[[ Material provided open ]]
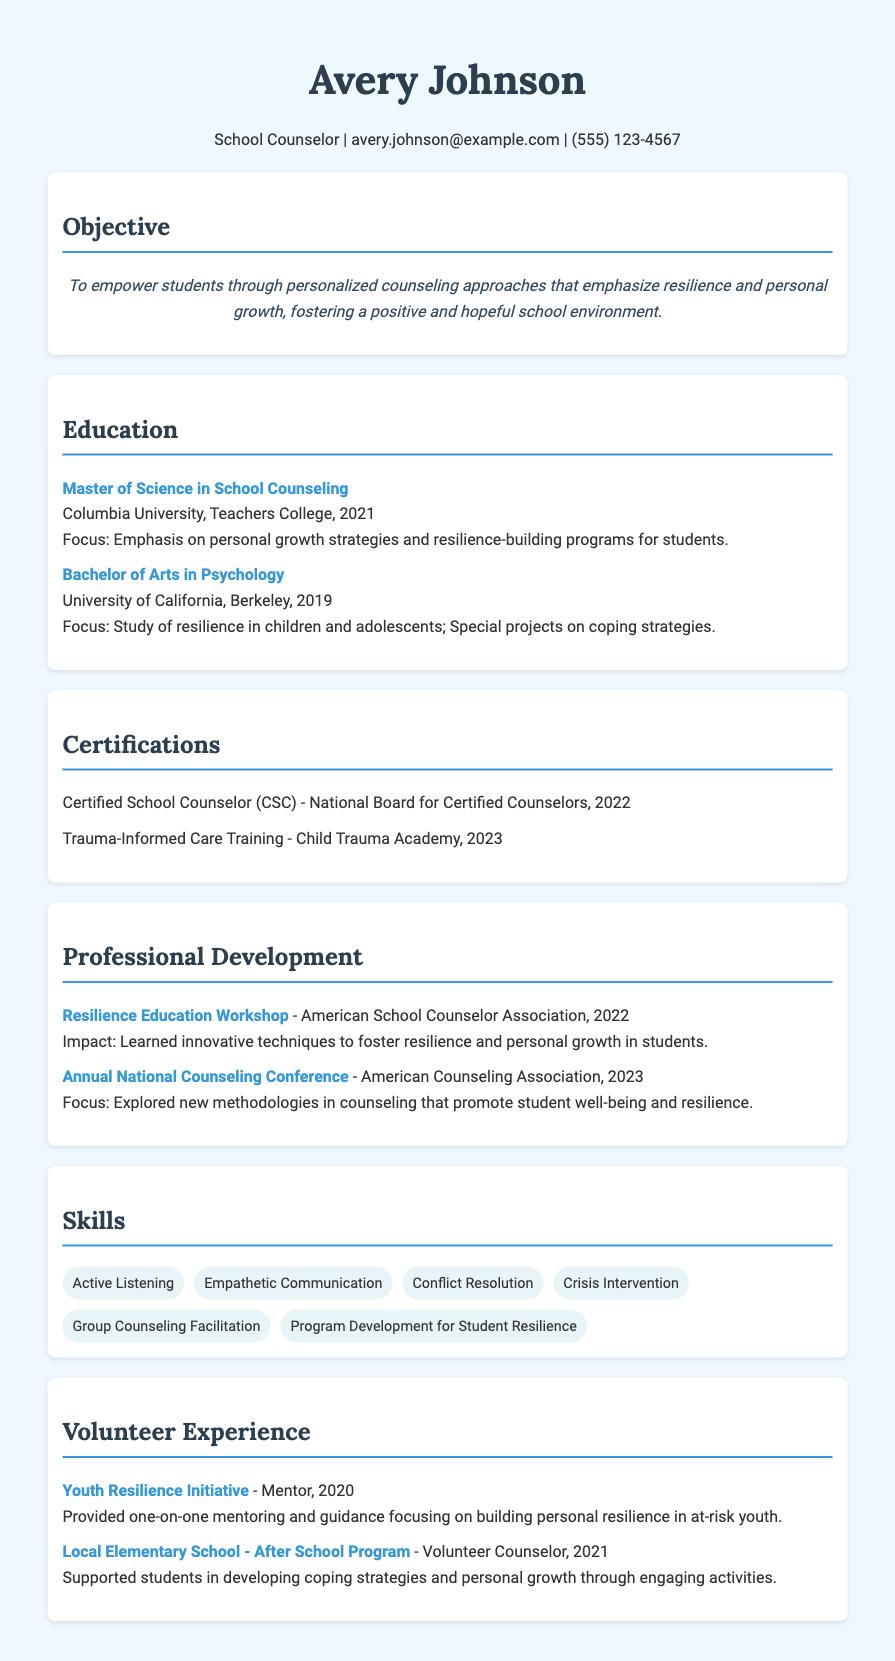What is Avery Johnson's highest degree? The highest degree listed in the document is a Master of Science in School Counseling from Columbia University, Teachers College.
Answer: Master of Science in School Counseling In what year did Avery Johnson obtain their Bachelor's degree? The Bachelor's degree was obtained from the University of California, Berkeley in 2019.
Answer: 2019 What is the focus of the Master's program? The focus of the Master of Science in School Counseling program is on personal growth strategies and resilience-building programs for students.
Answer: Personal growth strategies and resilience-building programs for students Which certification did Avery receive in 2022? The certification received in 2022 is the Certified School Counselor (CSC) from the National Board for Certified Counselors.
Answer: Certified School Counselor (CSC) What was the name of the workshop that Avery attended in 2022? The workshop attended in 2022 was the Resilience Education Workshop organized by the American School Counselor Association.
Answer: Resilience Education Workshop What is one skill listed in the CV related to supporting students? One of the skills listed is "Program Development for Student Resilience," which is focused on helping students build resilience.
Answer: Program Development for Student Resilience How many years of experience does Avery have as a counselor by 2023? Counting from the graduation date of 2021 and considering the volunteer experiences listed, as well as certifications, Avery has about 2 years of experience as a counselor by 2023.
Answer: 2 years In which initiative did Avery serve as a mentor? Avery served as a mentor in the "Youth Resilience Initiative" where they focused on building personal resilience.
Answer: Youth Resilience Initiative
[[ Material provided closed ]]
- Your objective -
For this answer, return word for word the lines from the first line of the records through the line containing "Answer: Resilience Education". Omit the pictures.

- Task solution -
What is Avery Johnson's highest degree? The highest degree listed in the document is a Master of Science in School Counseling from Columbia University, Teachers College.
Answer: Master of Science in School Counseling In what year did Avery Johnson obtain their Bachelor's degree? The Bachelor's degree was obtained from the University of California, Berkeley in 2019.
Answer: 2019 What is the focus of the Master's program? The focus of the Master of Science in School Counseling program is on personal growth strategies and resilience-building programs for students.
Answer: Personal growth strategies and resilience-building programs for students Which certification did Avery receive in 2022? The certification received in 2022 is the Certified School Counselor (CSC) from the National Board for Certified Counselors.
Answer: Certified School Counselor (CSC) What was the name of the workshop that Avery attended in 2022? The workshop attended in 2022 was the Resilience Education Workshop organized by the American School Counselor Association.
Answer: Resilience Education Workshop What is one skill listed in the CV related to supporting students? One of the skills listed is "Program Development for Student Resilience," which is focused on helping students build resilience.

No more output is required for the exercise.